Dopo un nostro forte rifiuto per una qualsivoglia circostanza, può capitare che la vita ci batta così violentemente da indurre in noi il senso della rassegnazione: è sicuramente l’inizio di una nuova fase ma ancora siamo lontani dall’assistere a una trasformazione.

Quando siamo rassegnati stiamo delegando ad altri o al fato tutto il nostro potere: è come dire “sarà quel che sarà; ho raggiunto il mio limite e non posso fare più niente. Mi adatto: non ho alternative”.

La rassegnazione ha un valore: poiché nasce da una profonda stanchezza a lottare contro condizioni esterne, induce un ritiro delle nostre energie dal mondo per rivolgerle all’interno. Si smette davvero di lottare contro l’aspetto apparente delle cose per rivolgere l’attenzione al nostro stato interiore. Solitamente è connotata da stanchezza e tristezza. Nella rassegnazione c’è molta osservazione.


Dopo aver macerato bene in questa fase, si procede alla seguente: la tolleranza. Qui fa capolino un briciolo di volontà e di responsabilità personale. Finalmente si decide di farsi carico di una condizione che per noi è ancora gravosa: malvolentieri, beninteso, ma senza l’intenzione di cambiare ciò che non è gradito. Lo sopportiamo come si sopporta un dolore a una spalla o un capo esigente: senza odio e senza più farne l’unica battaglia (rifiuto) o l’unica sconfitta (rassegnazione) della nostra esistenza. Questa fase comporta spesso il senso della frustrazione: è un’oscillare tra il senso del dovere (tolleranza) e il senso del piacere per qualcosa che non abbiamo ancora trovato. 


Dopo aver stabilizzato l’equilibrio nella tolleranza, siamo finalmente pronti per passare alla fase dell’accettazione.

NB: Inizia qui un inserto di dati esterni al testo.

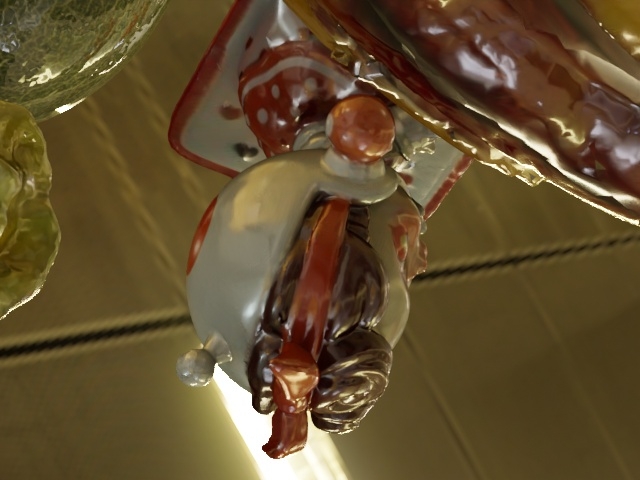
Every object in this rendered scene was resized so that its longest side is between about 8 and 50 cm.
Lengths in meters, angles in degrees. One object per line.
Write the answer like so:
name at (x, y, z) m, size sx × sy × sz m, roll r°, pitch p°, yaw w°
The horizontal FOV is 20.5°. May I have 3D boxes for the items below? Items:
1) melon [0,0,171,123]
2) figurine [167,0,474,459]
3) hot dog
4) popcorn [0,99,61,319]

Qui incontriamo la nostra volontà: nasce un’intenzione, quella di stabilire una relazione con la condizione inizialmente non accettata. Sorgono domande del tipo: “cosa posso fare/ cosa posso farci con questa situazione?; come posso estrarre il meglio da questo? Come posso volgerla a mio favore? Cosa c’è di bello in questo?” 

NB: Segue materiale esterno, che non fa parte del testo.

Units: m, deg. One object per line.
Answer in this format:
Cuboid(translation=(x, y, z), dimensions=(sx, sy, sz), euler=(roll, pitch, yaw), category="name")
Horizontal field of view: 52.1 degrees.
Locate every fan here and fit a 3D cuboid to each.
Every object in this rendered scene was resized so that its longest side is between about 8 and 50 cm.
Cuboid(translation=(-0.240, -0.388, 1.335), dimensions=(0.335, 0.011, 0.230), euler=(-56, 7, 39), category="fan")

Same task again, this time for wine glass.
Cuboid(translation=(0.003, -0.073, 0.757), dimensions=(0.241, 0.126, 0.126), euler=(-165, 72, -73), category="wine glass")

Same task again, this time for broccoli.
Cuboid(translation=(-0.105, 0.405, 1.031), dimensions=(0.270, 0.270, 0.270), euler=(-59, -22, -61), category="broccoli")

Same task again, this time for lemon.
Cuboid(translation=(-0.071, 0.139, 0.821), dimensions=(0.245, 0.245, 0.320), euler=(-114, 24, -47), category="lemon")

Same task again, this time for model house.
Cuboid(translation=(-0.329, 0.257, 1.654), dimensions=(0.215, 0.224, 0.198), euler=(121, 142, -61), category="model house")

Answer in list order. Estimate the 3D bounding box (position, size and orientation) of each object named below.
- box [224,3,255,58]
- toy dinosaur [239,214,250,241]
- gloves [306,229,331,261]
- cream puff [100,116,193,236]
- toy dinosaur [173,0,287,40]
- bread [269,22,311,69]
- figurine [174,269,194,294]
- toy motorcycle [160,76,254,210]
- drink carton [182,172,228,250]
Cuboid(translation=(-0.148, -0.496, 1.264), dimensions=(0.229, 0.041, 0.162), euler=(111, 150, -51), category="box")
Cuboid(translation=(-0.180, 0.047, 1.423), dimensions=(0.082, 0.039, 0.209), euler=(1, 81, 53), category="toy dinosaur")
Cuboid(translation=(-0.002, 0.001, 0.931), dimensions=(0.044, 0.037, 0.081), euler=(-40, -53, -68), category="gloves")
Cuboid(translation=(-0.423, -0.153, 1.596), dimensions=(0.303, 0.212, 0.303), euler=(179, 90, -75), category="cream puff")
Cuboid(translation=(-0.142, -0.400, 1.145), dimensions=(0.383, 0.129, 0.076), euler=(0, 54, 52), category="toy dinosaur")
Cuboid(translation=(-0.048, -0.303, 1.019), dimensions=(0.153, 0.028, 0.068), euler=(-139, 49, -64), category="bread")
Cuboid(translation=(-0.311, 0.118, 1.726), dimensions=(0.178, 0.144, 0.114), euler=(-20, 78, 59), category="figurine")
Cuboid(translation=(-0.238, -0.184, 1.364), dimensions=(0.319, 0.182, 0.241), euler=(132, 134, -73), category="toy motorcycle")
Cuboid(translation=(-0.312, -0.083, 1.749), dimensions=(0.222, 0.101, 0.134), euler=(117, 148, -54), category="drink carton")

Dopo aver preso il carico della tolleranza, emerge l’intenzione di vedere oltre il fardello, di dare un senso nuovo, di scorgere l’opportunità sinora nascosta.

È qui che la frustrazione tra il senso del dovere e quello del piacere inizia a sbilanciarsi verso il secondo polo, illuminandolo:  è così che nasce la relazione con quanto inizialmente rifiutato.


Questa relazione è assolutamente volontaria: vogliamo davvero trovare un nostro spazio, un nuovo modo di vivere e di essere pur mantenendo quella circostanza inizialmente indesiderata. C’è coraggio, persino entusiasmo e forza. Soprattutto, c’è creatività; si intuiscono possibilità.


Curando la relazione e la ricerca di un modo tutto nostro di stare esattamente dove siamo, poco a poco nasce l’amore: iniziamo ad amare ciò che un tempo abbiamo odiato, rifiutato e combattuto.

Ed è con questo amore che le circostanze possono finalmente cambiare.


Come vediamo, accettare è ben altro che arrendersi all’evidenza sgradita o sopportarla mal volentieri. 

L’accettazione chiama in campo l’alleato migliore: l’amore e, pertanto, comporta la trasformazione dal conflitto alla relazione e dalla relazione alla fusione.


Ciò che un tempo era un uno contro uno, “io contro il mondo”, diviene relazione:  dapprima “io e il mondo”, poi “io insieme al mondo”, per finire con la fusione o integrazione. 


Cosa avviene nella trasformazione o integrazione finale? 

Accade che si consegue un nuovo talento, una capacità. La vera trasformazione, manco a dirlo, è avvenuta dentro di noi: abbiamo appreso qualcosa che prima non sapevamo; ora abbiamo un potere. Può trattarsi di un saper fare, o un saper essere; di qualcosa in più ma anche di qualcosa in meno, ovvero che non abbiamo più necessità di fare o di sembrare. 

Il conflitto con l’odiato capo esigente l’abbiamo osservato talmente bene che presto diviene sopportazione della severità sino a livellare la nostra compiacenza e maturare in noi stessi la capacità di esigere. A questo punto il capo può restare al suo posto o trasferirsi: in qualunque modo non subiremo più le sue esigenze poiché avremo appreso a esercitare e amare le nostre.